It's good for both SA and GAD. It reduces anxiety as it's a GABAb agonist. GABAergic meds are well known to reduce anxiety. For example benzos are GABAa agonists.


----------



## nito

ugh1979 said:


> It's good for both SA and GAD. It reduces anxiety as it's a GABAb agonist. GABAergic meds are well known to reduce anxiety. For example benzos are GABAa agonists.


Seems interesting. A well knows contributor on another forum said, whats the point, it has not got alot of research behind it. But i might give it a shot, this thread got me interested.


----------



## ugh1979

nito said:


> Seems interesting. A well knows contributor on another forum said, whats the point, it has not got alot of research behind it. But i might give it a shot, this thread got me interested.


Having much research behind it in relation to treatment for SA/GAD isn't that important. The point is finding a med that works.


----------



## nito

hm i guess. Ok i don't want to go to my doc and ask for it, he'll think im an experimental junkie. Can you order it online?


----------



## ugh1979

nito said:


> hm i guess. Ok i don't want to go to my doc and ask for it, he'll think im an experimental junkie. Can you order it online?


Yes. I don't think any doc would prescribe it for SA/GAD since it's not approved for that use.


----------



## nito

oh so you guys are taking it for what it's not prescribed for, but it's working? strange lol.


----------



## ugh1979

nito said:


> oh so you guys are taking it for what it's not prescribed for, but it's working? strange lol.


Yes. There are many meds with valid off label uses.


----------



## Medline

ugh1979 said:


> It's good for both SA and GAD. It reduces anxiety as it's a GABAb agonist. GABAergic meds are well known to reduce anxiety. For example benzos are GABAa agonists.


I wouldn't compare the well proven and strong anxiolytic action of drugs acting on GABA(A)-receptors like benzodiazepines, barbiturates, mebrobamate... with that one of baclofen, a clean GABA(B)-agonist. Don't get me wrong, I think baclofen can be worth a shot off-label for anxiety, but I wouldn't raise expections too high.
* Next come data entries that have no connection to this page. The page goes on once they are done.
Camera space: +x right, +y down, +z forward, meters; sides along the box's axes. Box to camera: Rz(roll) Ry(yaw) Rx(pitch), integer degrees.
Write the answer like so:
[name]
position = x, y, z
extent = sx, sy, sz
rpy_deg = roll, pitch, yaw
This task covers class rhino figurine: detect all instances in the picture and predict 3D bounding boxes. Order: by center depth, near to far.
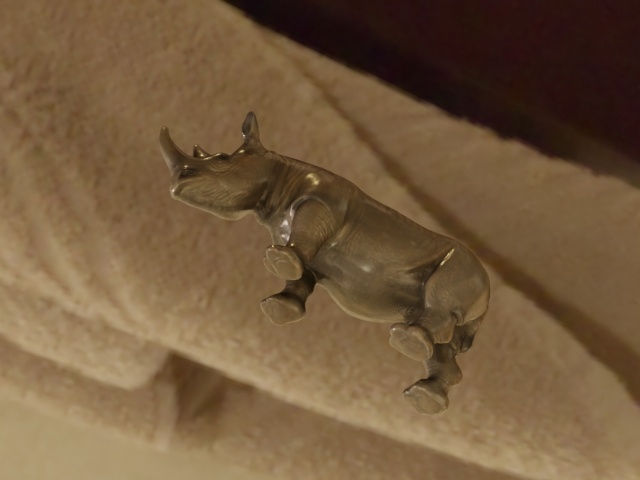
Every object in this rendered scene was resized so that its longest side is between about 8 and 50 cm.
[rhino figurine]
position = 0.000, 0.000, 0.993
extent = 0.106, 0.243, 0.073
rpy_deg = -54, -4, -43
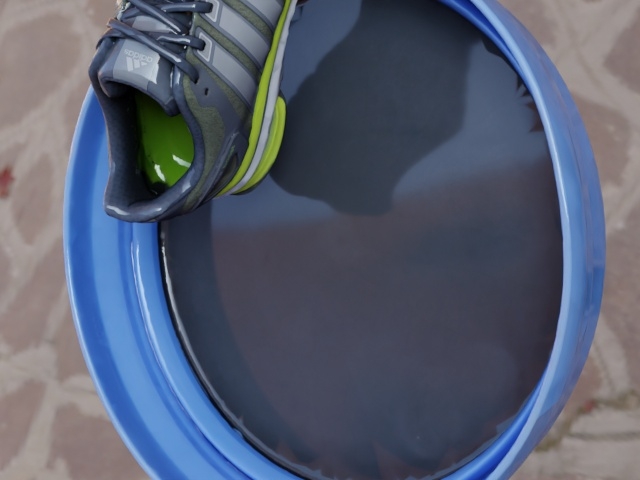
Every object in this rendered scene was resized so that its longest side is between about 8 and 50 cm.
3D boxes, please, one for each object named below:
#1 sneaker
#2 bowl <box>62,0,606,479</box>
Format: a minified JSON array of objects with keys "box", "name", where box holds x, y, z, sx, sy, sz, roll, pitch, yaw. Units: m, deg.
[{"box":[-0.072,-0.136,0.866,0.111,0.121,0.300,15,123,18],"name":"sneaker"},{"box":[0.000,0.000,0.946,0.391,0.077,0.391,3,95,37],"name":"bowl"}]
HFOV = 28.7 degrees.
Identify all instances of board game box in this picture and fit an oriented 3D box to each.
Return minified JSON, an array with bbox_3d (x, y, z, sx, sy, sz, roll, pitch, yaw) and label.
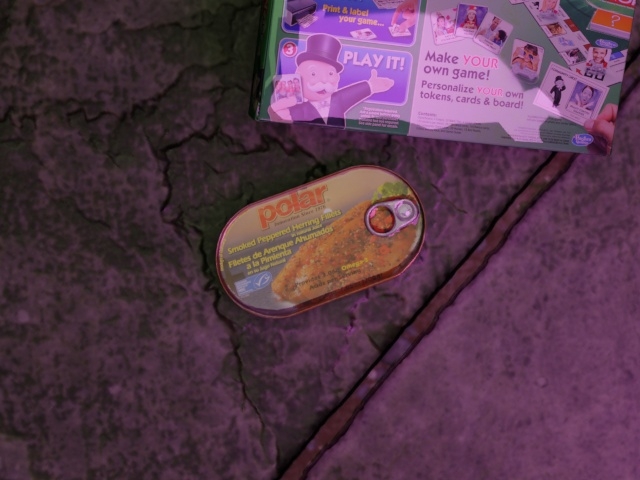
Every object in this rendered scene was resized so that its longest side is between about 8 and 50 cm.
[{"bbox_3d":[0.109,-0.191,1.046,0.317,0.046,0.214,5,101,-14],"label":"board game box"}]

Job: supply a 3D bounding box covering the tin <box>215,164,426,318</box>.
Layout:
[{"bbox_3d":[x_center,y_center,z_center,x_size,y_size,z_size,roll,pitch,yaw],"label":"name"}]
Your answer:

For people with alcohol problems I consider it a very good medication.


----------



## ugh1979

For me personally GABAb agonists are far more of an anxiolytic than GABAa agonists.
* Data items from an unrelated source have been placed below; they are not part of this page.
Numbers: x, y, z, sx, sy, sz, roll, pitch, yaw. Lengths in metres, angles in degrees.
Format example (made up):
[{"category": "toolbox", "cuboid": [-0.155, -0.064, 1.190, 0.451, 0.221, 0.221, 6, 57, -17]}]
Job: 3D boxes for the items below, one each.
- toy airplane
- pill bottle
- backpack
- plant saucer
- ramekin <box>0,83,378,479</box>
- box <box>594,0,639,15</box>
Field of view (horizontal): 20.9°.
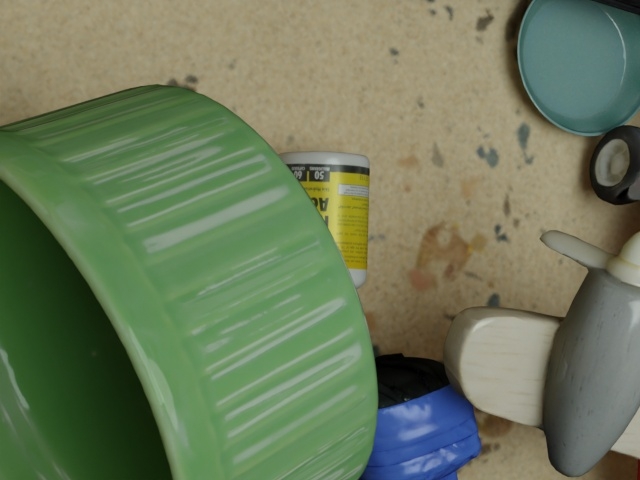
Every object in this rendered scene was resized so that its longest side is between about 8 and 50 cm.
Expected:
[{"category": "toy airplane", "cuboid": [0.302, 0.102, 1.173, 0.386, 0.272, 0.384, -38, 107, -26]}, {"category": "pill bottle", "cuboid": [0.000, 0.000, 1.163, 0.065, 0.065, 0.116, 2, 88, -24]}, {"category": "backpack", "cuboid": [0.053, 0.127, 1.153, 0.098, 0.120, 0.101, -23, 98, -24]}, {"category": "plant saucer", "cuboid": [0.191, -0.136, 1.276, 0.119, 0.021, 0.119, 0, 89, -25]}, {"category": "ramekin", "cuboid": [-0.104, 0.058, 0.995, 0.148, 0.303, 0.303, -26, 99, -31]}, {"category": "box", "cuboid": [0.275, -0.284, 1.174, 0.293, 0.295, 0.073, 14, 40, -18]}]
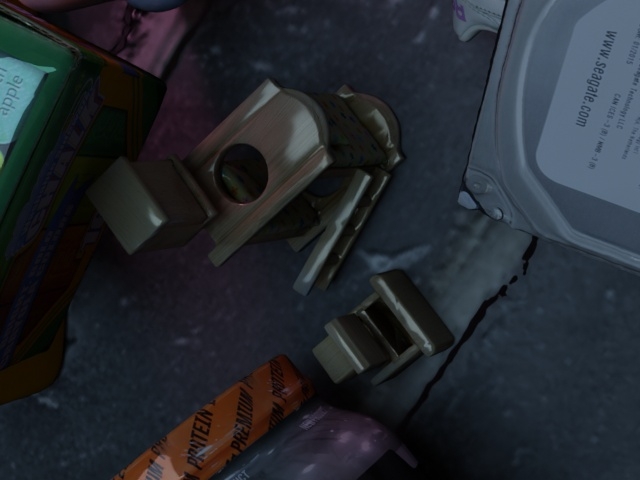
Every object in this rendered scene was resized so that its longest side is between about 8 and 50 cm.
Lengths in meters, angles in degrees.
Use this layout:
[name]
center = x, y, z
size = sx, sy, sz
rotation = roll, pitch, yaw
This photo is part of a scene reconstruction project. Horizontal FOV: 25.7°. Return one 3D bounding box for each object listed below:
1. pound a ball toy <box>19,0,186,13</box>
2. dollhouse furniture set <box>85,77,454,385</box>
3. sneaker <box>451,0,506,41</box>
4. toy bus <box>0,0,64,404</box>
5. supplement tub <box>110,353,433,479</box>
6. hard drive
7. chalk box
[pound a ball toy]
center = -0.013, -0.223, 0.745
size = 0.319, 0.208, 0.136
rotation = -15, 97, 45
[dollhouse furniture set]
center = 0.000, 0.000, 0.749
size = 0.101, 0.182, 0.161
rotation = -42, 78, 21
[sneaker]
center = 0.206, -0.115, 0.708
size = 0.305, 0.114, 0.152
rotation = 23, 129, 16
[toy bus]
center = -0.243, -0.058, 0.892
size = 0.130, 0.108, 0.333
rotation = -4, 94, 26
[supplement tub]
center = 0.018, 0.229, 0.745
size = 0.193, 0.193, 0.316
rotation = -40, 83, 21
[hard drive]
center = 0.242, -0.050, 0.616
size = 0.339, 0.064, 0.237
rotation = 21, 139, 10
[chalk box]
center = -0.208, -0.043, 0.672
size = 0.179, 0.289, 0.180
rotation = 26, 95, 1
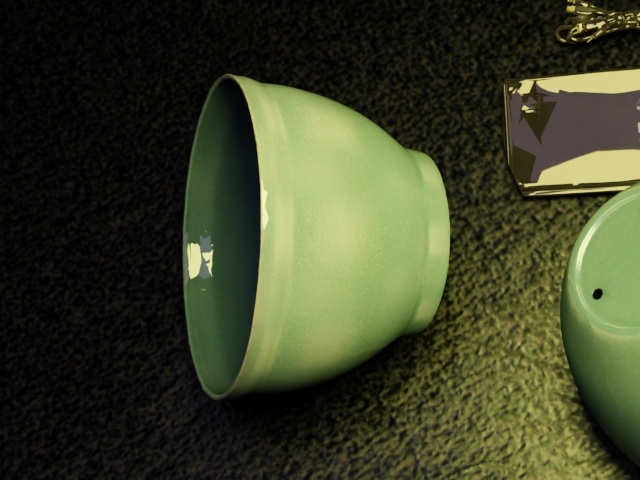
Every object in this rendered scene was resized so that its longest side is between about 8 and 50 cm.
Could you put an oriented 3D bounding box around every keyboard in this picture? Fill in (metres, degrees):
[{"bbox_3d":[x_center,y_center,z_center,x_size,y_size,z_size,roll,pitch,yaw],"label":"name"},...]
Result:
[{"bbox_3d":[0.336,-0.146,1.594,0.317,0.033,0.201,-3,77,8],"label":"keyboard"}]

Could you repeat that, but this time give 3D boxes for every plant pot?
[{"bbox_3d":[0.316,0.053,1.376,0.290,0.195,0.290,-21,55,33],"label":"plant pot"},{"bbox_3d":[0.000,0.000,1.492,0.196,0.293,0.293,2,69,-17],"label":"plant pot"}]
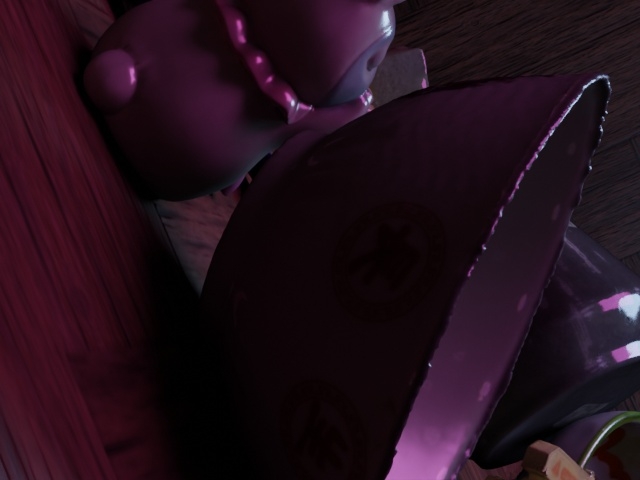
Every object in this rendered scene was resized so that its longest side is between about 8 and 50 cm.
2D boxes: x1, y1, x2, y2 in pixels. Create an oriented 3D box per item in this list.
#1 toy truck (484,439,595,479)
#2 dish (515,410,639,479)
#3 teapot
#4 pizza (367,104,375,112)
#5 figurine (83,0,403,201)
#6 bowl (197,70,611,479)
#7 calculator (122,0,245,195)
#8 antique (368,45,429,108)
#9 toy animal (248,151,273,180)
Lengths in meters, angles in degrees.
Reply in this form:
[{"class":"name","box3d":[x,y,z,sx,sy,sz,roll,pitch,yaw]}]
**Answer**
[{"class":"toy truck","box3d":[0.235,0.296,1.306,0.124,0.157,0.272,13,-18,41]},{"class":"dish","box3d":[0.280,0.345,1.573,0.324,0.124,0.324,-12,105,-51]},{"class":"teapot","box3d":[0.218,0.053,1.639,0.376,0.305,0.362,11,45,-59]},{"class":"pizza","box3d":[-0.005,-0.182,1.662,0.161,0.085,0.305,45,-1,19]},{"class":"figurine","box3d":[-0.014,-0.118,0.860,0.155,0.235,0.127,53,14,-53]},{"class":"bowl","box3d":[0.031,0.031,0.811,0.157,0.337,0.337,25,-2,15]},{"class":"calculator","box3d":[-0.119,-0.183,1.075,0.294,0.043,0.194,63,9,-10]},{"class":"antique","box3d":[0.093,-0.107,1.867,0.125,0.150,0.284,127,-53,-77]},{"class":"toy animal","box3d":[0.000,0.000,1.205,0.255,0.176,0.239,7,-55,58]}]

I understand what you are saying, but it well worth talking about Baclofen as an effective anxiolytic as it could be just what someone else in a similar position to me needs.


----------



## Medline

ugh1979 said:


> For me personally GABAb agonists are far more of an anxiolytic than GABAa agonists.


Everyone's brain chemistry is different.

As I said it's worth a shot and I'm happy that it works great for you.


----------



## barry1685

nito said:


> so if you look at this page ****** Which one is the one people are using? Btw look at the price difference between generic and the baclofen (pacifen), ripo of or what!


Might want to hide that site. Not allowed to post links to places like this:|


----------



## DK3

I mentioned on the other thread started by barry about a curious side effect of baclofen I've noticed.. thought I would mention it here too for those following this thread..

OK I can't be 100% sure this is definitely caused by baclofen but I'm pretty sure it is.. I have tinnitus (ringing in ear) and baclofen is worsening that, not the ringing noise but a different kind of sensation/noise in the ear. I've noticed when I miss a dose of baclofen it doesn't happen so I'm sure its connected to the drug.

It's not a big problem tho and certainly wouldn't put me off continuing baclofen but just thought i'd mention it for any other tinnitus sufferers out there, and perhaps if anyone wants to suggest any theory of how baclofen might be worsening tinnitus symptoms.


----------



## Medline

Tinnitus is listed as a possible side effect of treatment with baclofen. Interestingly the L-isomer of baclofen (just used in studies) improves tinnitus.


----------



## nito

barry1685 said:


> Dizziness is a common startup side effect of buspar. Just FYI your anxiety is going to be 10x worst on buspar starting up until it levels down.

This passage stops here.